Yok estafurullah sizi ve olayı kastetmedim. Genel olarak sevmiyorum üfürükçüleri dini istismar ediyorlar. 😊

  • Beğen 2
Yorum bağlantısı
Mehmet Ozyurek
Muhittin Kaplan yazdı:

Geçenlerde twter da gördüm. Etkili, düşüncelere gark eden bir video.

 

 

 

Belgeli delilli müthiş bir olay.. 

  • Beğen 2
Yorum bağlantısı
Erhan Doruk
(düzenlendi)

Hatay a gittiğimde yol kenarında yılancı hacı macit diye taleba görmüştüm. Sordum oralılara , insanları efsunlayan biri varmış , efsunladığını yılan akrep sokmuyormuş.  Hatta ısırılan olursa adamı çağırıyorlarmış. 2009 da ölmüş ama oğluna el vermiş. İşi onlar devam ettiriyorlarmış. Bana çok garip gelmişti. Nette videoları da var. 

 

 Akrep , Uğur Dündarı sokmuştu 😁

tarihinde Erhan Doruk tarafından düzenlendi
  • Beğen 1
Yorum bağlantısı
Doğan Arşiray
Alpay Sumer yazdı:

Arkasi dönük hemde 😂

arabanın şöförüymüş mesela el freni boşalmışmış.

  • Mutlu 1
Yorum bağlantısı
Mahmut Yıldız

Okuyup üfleme işine ben de çok inanmazdım ama ilkokul 5. sınıfta karne aldık geldik ama eve gelir gelmez ben yatağa girdim, ölüyorum sandım, üşüme, titreme ne ararsa var. Annem ne yapacağını şaşırdı. Komşumuz beni sormuş, karneyi aldı mı diye, annem durumu söyleyince çıktı geldi. Okudu, üfledi ama o üflediği anda bende bir hafifleme oldu, kendime geldim ve ayağa kalktım, hiç bir şey olmamış gibi devam ettim. 

 

İkinci olay lisede başıma geldi. Bir hocamız metafizik olaylar var, inanırsanız imkansız şeyleri yapabilirsiniz gibi şeyler söyledi. Verdiği örnekte de dört kişi sadece işaret parmakları açık kalacak şekilde ellerini birleştirerek bir insanı havaya kaldırabilir dedi. Tabi hemen atladım, 100 kg civarı olduğum için "beni kaldırmazsanız inanmam" dedim. 

 

Ben bir sandalyeye oturdum, cılız kızlardan ve erkeklerden 3 kişi, bir de hoca 4 kişi etrafımda. Gözlerimizi kapadık, ellerini teker teker benim baş üstüme getirdiler ve ben en sonda acayip bir hafifleme hissettim. Sonra 4 kişi ellerini yukarıdaki gibi yaparak ikisi dizimdem ikisi de koltuk altımdan beni havaya kaldırdılar ama ben resmen tüy gibi havaya kalktım ( havada durdum, şahitlerim var).

  • Beğen 4
Yorum bağlantısı
Aydın Sert
(düzenlendi)

Evin ikinci çocuğuyum. Ablam var ilk çocuk, 82 li.

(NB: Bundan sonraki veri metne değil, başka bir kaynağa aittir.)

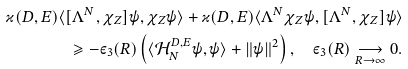Convert formula to latex. <formula><loc_0><loc_0><loc_500><loc_500>\varkappa ( D , E ) \langle [ \Lambda ^ { N } , \chi _ { Z } ] \psi , \chi _ { Z } \psi \rangle + \varkappa ( D , E ) \langle \Lambda ^ { N } \chi _ { Z } \psi , [ \Lambda ^ { N } , \chi _ { Z } ] \psi \rangle \\ \geqslant - \varepsilon _ { 3 } ( R ) \left ( \langle \mathcal { H } _ { N } ^ { D , E } \psi , \psi \rangle + \| \psi \| ^ { 2 } \right ) , \quad \varepsilon _ { 3 } ( R ) \underset { R \to \infty } { \longrightarrow } 0 .</formula> 
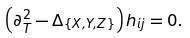<formula> <loc_0><loc_0><loc_500><loc_500>\left ( \partial _ { T } ^ { 2 } - \Delta _ { \{ X , Y , Z \} } \right ) h _ { i j } = 0 .</formula>

Annem sabah akşam dua ediyor bir erkek evladım olsun diye.

Neyse bir gün kapı çalıyor, yaşlı bir amca annemden su istiyor. Amcamın eşi de evde (Almanya' da yaşıyorlar normalde).

Annem suyu getiriyor, amca içiyor, anneme "kızım senin bir muradın var, dileğin kabul olacak" yengeme de "senin de altınların var" diyor. (evet var, o dönemde yapmış).

Annem yengem göz göze geliyor, amcaya bakıyorlar, gitmiş.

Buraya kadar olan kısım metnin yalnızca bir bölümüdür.